Wie viele Zertifikate die etwa 2.400 in den Handel einbezogenen Betriebe vom Staat zugeteilt bekommen, regelt der Nationale Allokationsplan, NAP genannt. Bis 30. Juni muss die Bundesregierung diesen verabschieden und an die EU melden. Laut Gabriel müssen die Stromkonzerne ihren Ausstoß in der zweiten Handelsperiode zwischen 2008 und 2012 um 15 Prozent senken, die deutsche Industrie dagegen muss ihn nur um 1,25 Prozent verringern. Sonst würden die Nachteile im internationalen Wettbewerb zu groß.

Was Umweltschützer nun besonders ärgert: Die Unternehmen bekommen ihre Zertifikate, wie schon in der ersten Handelsperiode, umsonst zugeteilt. Für die Stromkonzerne bedeute das bei einem Zertifikatspreis von 20 Euro pro Tonne CO2 „ein Geschenk von insgesamt 10 Milliarden Euro“, moniert Greenpeace-Klimaexpertin Gabriela von Goerne.

Dabei haben RWE, Eon und Co. mit dem zeitweise hohen Wert der Zertifikate zum Teil ihre Preiserhöhungen der jüngsten Zeit begründet. Reinhard Loske, Umweltexperte der Grünen im Bundestag, geht davon aus, dass die Konzerne weiter „doppelt abkassieren“. Die Grünen stellten gestern ihren NAP2-Entwurf vor und forderten unter anderem eine nach EU-Recht mögliche Versteigerung von 10 Prozent der Rechte. Der Erlös solle in einen Klimaschutzfonds fließen. Doch nicht nur Umweltschützer melden sich zu Wort. Auf der Homepage des Umweltministeriums findet sich auch eine Stellungnahme der Gewerkschaft IG BCE, die die Mitarbeiter der Stromwirtschaft und des Bergbaus vertritt. 15 Milliarden Euro koste der NAP2 den „Industriestandort Deutschland“, die über die Strompreise letztlich die Verbraucher tragen würden. Um die Wirtschaft nachhaltig wachsen zu lassen, brauche sie mehr CO2 Emissionsrechte als in der ersten Periode von 2005 bis 2007.

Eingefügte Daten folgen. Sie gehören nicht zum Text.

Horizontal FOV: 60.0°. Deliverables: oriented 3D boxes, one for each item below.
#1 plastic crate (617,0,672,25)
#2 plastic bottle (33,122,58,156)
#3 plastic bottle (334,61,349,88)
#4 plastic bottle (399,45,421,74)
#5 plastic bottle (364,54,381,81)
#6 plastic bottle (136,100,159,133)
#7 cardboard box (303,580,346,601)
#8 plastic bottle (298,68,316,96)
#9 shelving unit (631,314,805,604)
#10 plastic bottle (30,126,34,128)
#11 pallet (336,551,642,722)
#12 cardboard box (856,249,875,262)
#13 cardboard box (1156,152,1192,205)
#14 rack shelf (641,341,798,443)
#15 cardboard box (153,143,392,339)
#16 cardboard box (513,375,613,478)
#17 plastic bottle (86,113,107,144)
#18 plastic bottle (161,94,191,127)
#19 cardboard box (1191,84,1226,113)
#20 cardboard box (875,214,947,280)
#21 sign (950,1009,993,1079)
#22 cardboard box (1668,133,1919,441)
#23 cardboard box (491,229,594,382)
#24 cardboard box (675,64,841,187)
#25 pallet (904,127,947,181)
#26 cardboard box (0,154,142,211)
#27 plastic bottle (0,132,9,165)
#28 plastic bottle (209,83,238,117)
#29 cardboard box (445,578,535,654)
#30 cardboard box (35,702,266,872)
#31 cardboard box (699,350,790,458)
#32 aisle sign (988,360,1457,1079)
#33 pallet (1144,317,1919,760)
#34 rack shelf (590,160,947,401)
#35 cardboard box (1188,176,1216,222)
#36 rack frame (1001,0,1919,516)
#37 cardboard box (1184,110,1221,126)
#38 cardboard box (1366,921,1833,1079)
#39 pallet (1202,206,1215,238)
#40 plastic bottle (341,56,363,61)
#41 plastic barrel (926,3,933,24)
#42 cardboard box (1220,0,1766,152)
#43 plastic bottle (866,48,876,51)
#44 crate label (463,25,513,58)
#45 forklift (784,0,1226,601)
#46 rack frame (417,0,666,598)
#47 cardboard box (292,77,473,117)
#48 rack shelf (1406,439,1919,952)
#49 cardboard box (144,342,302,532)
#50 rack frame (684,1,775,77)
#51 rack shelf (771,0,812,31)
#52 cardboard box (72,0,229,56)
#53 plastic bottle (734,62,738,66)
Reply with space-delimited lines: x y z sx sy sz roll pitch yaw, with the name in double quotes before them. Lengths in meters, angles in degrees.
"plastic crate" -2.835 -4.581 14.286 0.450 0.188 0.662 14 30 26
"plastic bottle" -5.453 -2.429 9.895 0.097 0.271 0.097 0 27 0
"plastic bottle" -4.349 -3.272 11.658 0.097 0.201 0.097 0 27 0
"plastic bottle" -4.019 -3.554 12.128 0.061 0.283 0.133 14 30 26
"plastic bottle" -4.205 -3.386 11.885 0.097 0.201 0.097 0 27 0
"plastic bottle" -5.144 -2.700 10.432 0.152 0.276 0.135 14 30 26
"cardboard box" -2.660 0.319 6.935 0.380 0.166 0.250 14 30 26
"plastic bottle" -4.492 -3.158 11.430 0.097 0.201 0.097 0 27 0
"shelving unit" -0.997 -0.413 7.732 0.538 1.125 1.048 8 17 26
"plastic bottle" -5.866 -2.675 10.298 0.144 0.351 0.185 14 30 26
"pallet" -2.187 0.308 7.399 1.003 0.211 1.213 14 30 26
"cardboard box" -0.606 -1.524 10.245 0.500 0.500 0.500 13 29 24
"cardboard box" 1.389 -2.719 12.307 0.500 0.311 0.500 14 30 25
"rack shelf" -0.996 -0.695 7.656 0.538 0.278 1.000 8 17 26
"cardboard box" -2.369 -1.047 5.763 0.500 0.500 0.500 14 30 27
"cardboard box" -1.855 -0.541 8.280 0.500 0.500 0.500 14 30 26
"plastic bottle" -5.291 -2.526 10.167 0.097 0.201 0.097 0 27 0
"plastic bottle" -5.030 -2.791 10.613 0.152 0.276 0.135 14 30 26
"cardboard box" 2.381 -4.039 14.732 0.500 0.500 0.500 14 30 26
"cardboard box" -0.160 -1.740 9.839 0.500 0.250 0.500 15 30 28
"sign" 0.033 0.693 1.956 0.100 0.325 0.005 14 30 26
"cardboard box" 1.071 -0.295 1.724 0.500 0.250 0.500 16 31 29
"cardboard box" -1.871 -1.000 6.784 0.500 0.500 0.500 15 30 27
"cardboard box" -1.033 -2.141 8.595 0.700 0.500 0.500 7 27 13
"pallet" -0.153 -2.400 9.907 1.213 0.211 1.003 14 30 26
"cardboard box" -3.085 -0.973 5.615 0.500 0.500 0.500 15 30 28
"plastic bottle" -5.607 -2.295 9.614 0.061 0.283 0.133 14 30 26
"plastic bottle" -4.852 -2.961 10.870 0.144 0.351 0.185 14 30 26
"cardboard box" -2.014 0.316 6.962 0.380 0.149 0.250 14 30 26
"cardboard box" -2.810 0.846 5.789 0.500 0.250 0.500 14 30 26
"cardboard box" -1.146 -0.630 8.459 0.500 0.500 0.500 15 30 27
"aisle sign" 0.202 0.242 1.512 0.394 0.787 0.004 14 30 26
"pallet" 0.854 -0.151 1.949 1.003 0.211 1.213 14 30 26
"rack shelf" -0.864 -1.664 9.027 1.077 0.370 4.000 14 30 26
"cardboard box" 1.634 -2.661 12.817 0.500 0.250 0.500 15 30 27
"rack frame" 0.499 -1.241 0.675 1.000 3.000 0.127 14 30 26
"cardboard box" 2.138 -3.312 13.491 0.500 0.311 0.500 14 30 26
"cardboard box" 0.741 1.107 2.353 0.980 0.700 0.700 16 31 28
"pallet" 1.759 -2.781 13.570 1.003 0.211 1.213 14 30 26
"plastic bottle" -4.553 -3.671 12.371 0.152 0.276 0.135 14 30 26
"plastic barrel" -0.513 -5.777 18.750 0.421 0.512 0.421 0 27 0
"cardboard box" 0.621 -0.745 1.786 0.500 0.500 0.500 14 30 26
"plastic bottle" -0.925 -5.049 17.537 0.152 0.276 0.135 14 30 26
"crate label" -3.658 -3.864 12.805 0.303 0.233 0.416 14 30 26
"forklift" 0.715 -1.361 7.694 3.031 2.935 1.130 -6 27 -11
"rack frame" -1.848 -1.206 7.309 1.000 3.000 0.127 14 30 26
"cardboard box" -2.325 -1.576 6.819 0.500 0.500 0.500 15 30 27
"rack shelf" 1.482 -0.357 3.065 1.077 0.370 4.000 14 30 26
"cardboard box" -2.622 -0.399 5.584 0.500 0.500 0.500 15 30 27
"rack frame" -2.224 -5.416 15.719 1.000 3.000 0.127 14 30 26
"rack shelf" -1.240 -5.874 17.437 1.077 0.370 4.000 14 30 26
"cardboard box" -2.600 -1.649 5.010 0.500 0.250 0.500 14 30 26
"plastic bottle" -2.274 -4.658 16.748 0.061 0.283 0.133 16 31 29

Dabei liegt Gabriels Vorgabe von 495 Millionen Tonnen Kohlendioxid nur leicht unter der der ersten Handelsphase, in der die Unternehmen Zertifikate für 503 Millionen Tonnen Kohlendioxid jährlich erhielten. 21 Millionen Tonnen zu viel, wie sich kürzlich zeigte. Ende April brach der Kurs dramatisch ein: von 31 Euro je Tonne Kohlendioxid auf 9 Euro je Tonne. So waren 2005 in Deutschland 4,3 Prozent mehr Verschmutzungsrechte in Aktienform auf dem Markt, als die Betriebe tatsächlich brauchten.

Auch das Bundesumweltministerium räumt ein, dass zu viele Zertifikate ausgeteilt worden seien. „Oftmals sind Sonderregelungen Ursache, die gar nicht notwendig waren“, erklärt Ministeriumssprecher Thomas Hagbeck. Diese Zertifikate würden „bei den Unternehmen aber wieder eingesammelt“, erklärt das Ministerium.